**YOUR TASK:** Pictures are to be left out, and the rest of the records reproduced exactly.

**TASK DATA:**
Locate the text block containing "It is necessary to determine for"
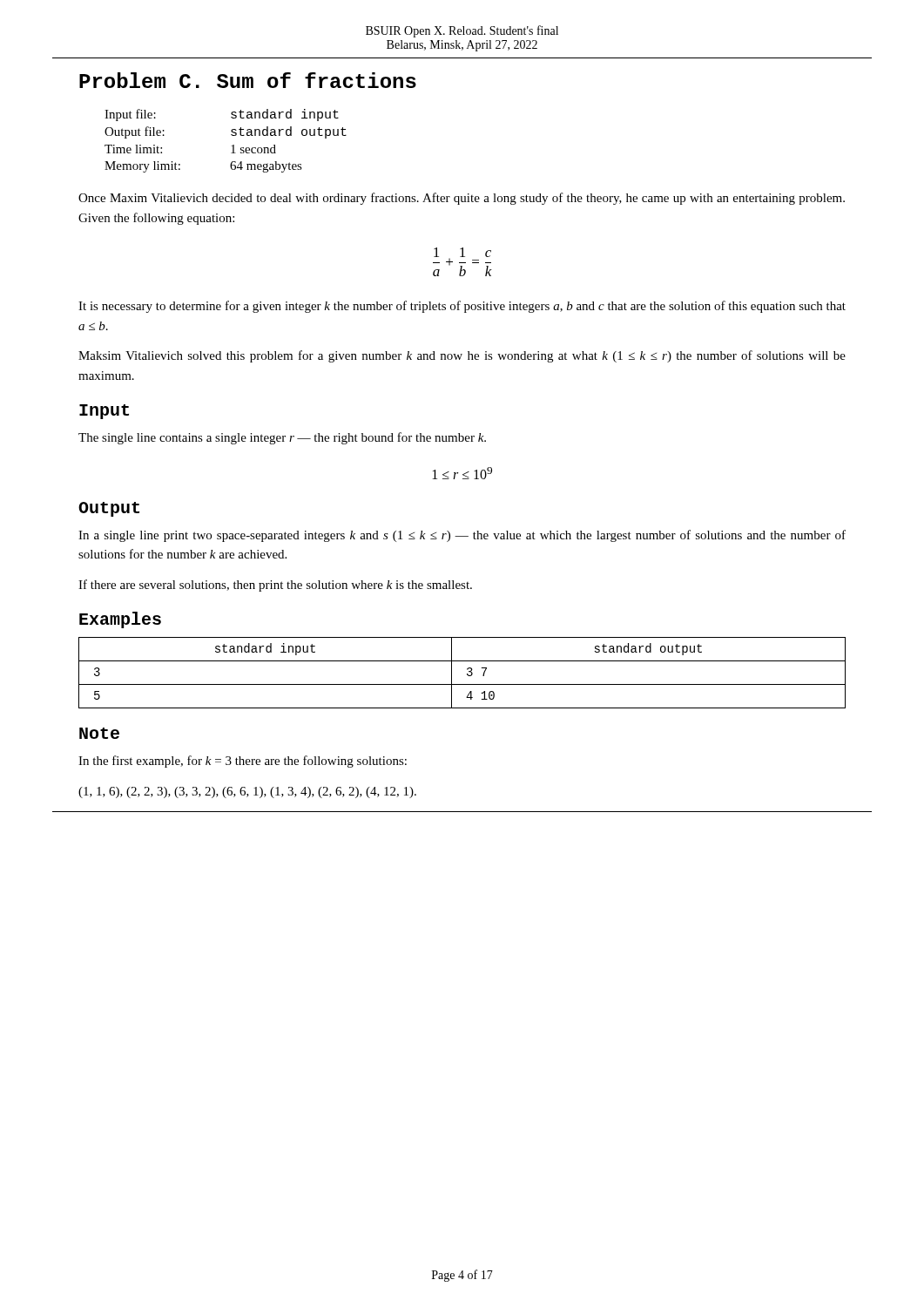This screenshot has height=1307, width=924. [462, 316]
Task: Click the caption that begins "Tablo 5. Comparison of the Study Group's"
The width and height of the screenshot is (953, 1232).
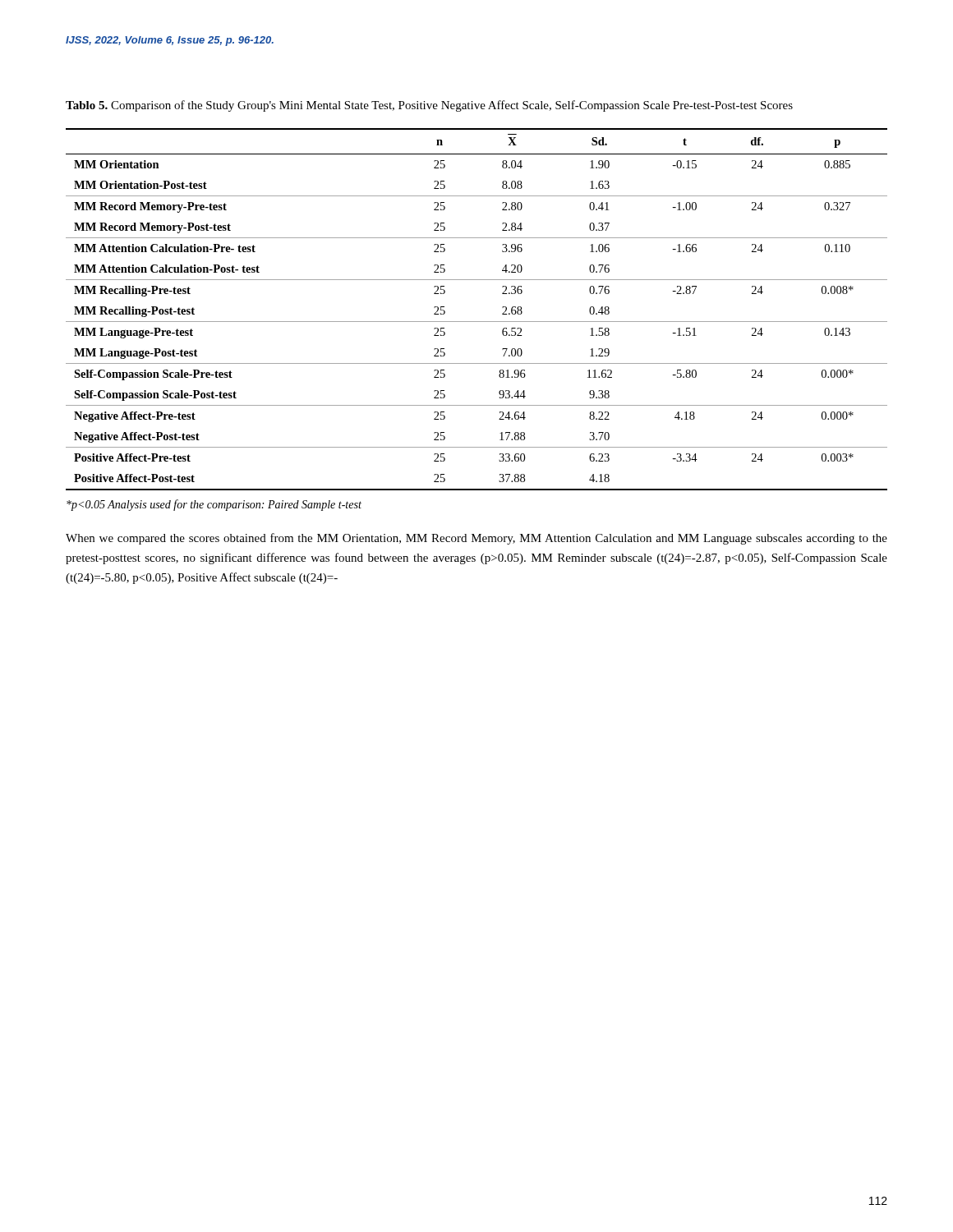Action: (429, 105)

**RESPONSE BOX:**
Locate the text block containing "It is necessary to determine for"
This screenshot has height=1307, width=924. [462, 316]
Task: Click the caption that begins "Tablo 5. Comparison of the Study Group's"
The width and height of the screenshot is (953, 1232).
Action: (429, 105)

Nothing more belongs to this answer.